> [WORKING DATA]:
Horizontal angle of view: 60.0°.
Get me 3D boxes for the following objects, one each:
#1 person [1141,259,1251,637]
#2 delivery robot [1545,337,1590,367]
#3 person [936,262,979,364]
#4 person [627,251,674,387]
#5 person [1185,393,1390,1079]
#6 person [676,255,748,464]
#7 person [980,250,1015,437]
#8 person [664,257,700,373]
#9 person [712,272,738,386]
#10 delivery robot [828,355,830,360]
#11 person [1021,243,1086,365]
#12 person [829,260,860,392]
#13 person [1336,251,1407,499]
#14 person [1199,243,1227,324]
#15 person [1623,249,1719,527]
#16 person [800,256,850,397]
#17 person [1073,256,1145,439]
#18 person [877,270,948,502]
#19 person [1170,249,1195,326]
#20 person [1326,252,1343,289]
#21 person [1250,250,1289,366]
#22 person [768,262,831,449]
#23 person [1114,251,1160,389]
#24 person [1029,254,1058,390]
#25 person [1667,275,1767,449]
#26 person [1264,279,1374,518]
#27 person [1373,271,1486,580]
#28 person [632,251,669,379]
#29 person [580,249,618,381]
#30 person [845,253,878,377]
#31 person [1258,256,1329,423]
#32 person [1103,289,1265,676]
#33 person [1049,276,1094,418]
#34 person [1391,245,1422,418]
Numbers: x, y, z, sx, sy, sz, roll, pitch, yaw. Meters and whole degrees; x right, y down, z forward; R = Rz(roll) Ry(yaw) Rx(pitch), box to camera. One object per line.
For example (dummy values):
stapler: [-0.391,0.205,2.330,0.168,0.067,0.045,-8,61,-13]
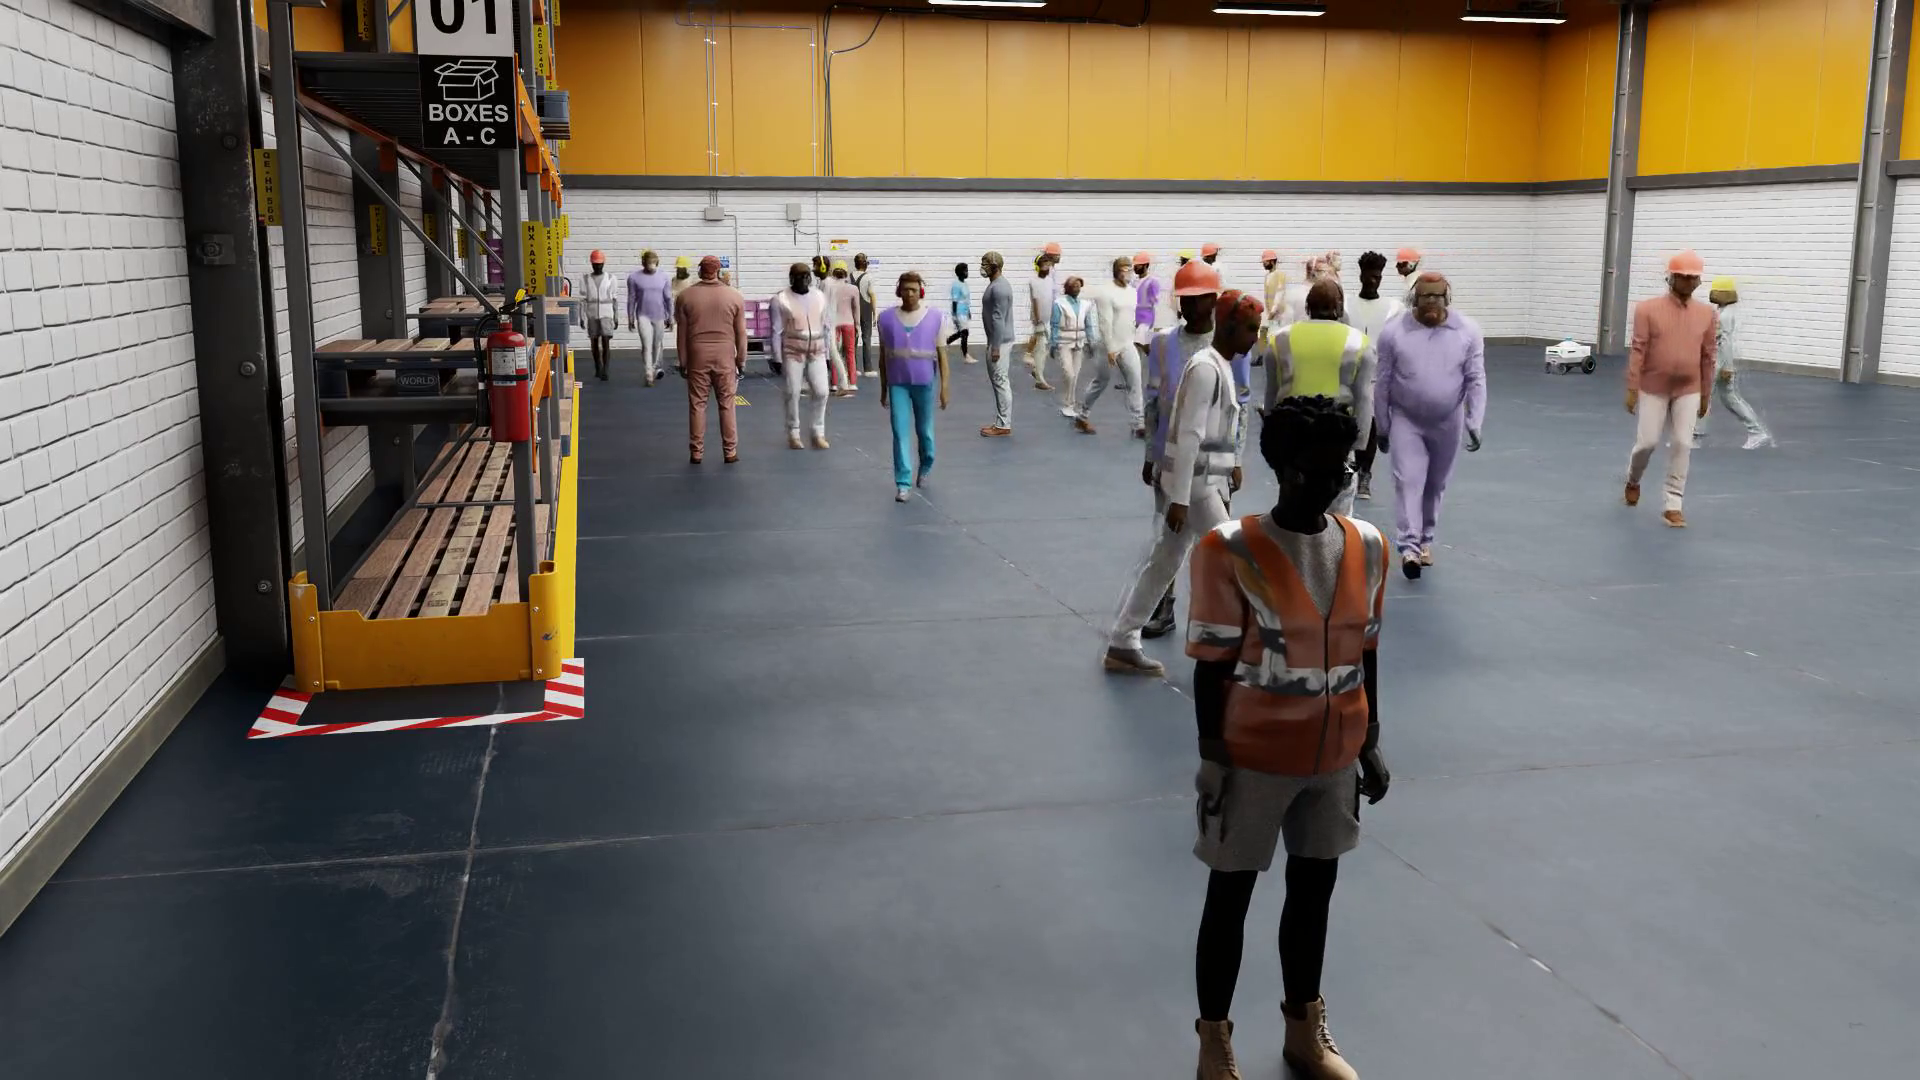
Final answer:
person: [1.185,-0.445,8.454,0.542,1.939,0.364,4,11,23]
delivery robot: [9.282,-2.857,25.395,0.707,0.478,0.477,-6,12,-31]
person: [-0.058,-3.751,27.507,0.709,1.673,0.543,3,11,15]
person: [-4.367,-3.111,23.419,0.633,1.915,0.961,-4,11,-20]
person: [0.769,0.500,3.899,0.531,1.693,0.320,-4,11,-21]
person: [-2.261,-1.643,15.206,0.642,1.900,0.403,-1,10,-7]
person: [0.387,-2.031,17.286,0.367,1.932,0.623,-1,10,-5]
person: [-4.250,-3.480,25.726,0.583,1.784,0.942,6,12,31]
person: [-3.311,-2.920,23.100,0.531,1.603,0.731,-7,12,-33]
delivery robot: [-2.313,-2.944,25.878,0.707,0.478,0.477,-5,11,-27]
person: [1.494,-3.826,27.066,1.068,1.983,0.633,1,10,8]
person: [-1.612,-2.885,22.455,0.533,1.767,0.327,-2,10,-9]
person: [3.180,-1.290,13.088,0.646,1.950,0.419,2,10,10]
person: [4.241,-3.968,27.853,1.005,1.976,0.627,4,11,19]
person: [5.107,-1.105,12.002,0.632,1.976,0.695,1,10,6]
person: [-1.829,-2.745,21.512,0.858,1.827,0.508,-3,11,-15]
person: [1.585,-1.989,17.182,0.617,1.889,1.051,-8,13,-38]
person: [-0.369,-1.246,13.280,0.573,1.809,0.909,1,10,6]
person: [3.599,-3.869,27.558,0.610,1.894,0.635,1,10,6]
person: [5.524,-3.307,24.549,0.764,1.885,0.661,5,11,25]
person: [5.126,-3.761,27.011,1.009,1.880,0.542,-5,12,-27]
person: [-1.506,-1.768,16.109,0.650,1.819,0.638,-5,11,-26]
person: [2.561,-3.026,22.892,0.974,1.900,0.560,-5,12,-27]
person: [1.136,-2.955,22.624,0.393,1.846,0.516,7,13,36]
person: [7.451,-1.727,16.192,0.857,1.704,0.485,4,11,23]
person: [2.091,-0.602,9.696,0.629,1.810,0.865,3,11,18]
person: [2.845,-0.695,10.096,0.637,1.842,1.032,1,10,8]
person: [-4.571,-3.316,24.558,0.609,1.869,1.002,-3,11,-14]
person: [-5.301,-3.312,24.448,0.552,1.905,0.926,-1,10,-5]
person: [-1.471,-3.341,24.759,0.517,1.844,0.329,5,11,26]
person: [3.533,-1.978,17.133,0.852,1.877,0.638,3,11,18]
person: [1.134,-0.234,7.637,1.022,1.813,0.648,2,10,11]
person: [1.302,-2.200,19.025,0.545,1.620,0.457,-6,12,-32]
person: [5.107,-2.322,18.763,0.530,1.978,0.608,3,11,15]

> [ABOUT THIS TASK]:
The response should be the listing above, limited to the lines between the one holding "For example (dummy" and the one holding "stapler: [-0.391,0.205,2.330,0.168,0.067,0.045,-8,61,-13]", inclusive, reproduced exactly.

> [YOUR RESPONSE]:
For example (dummy values):
stapler: [-0.391,0.205,2.330,0.168,0.067,0.045,-8,61,-13]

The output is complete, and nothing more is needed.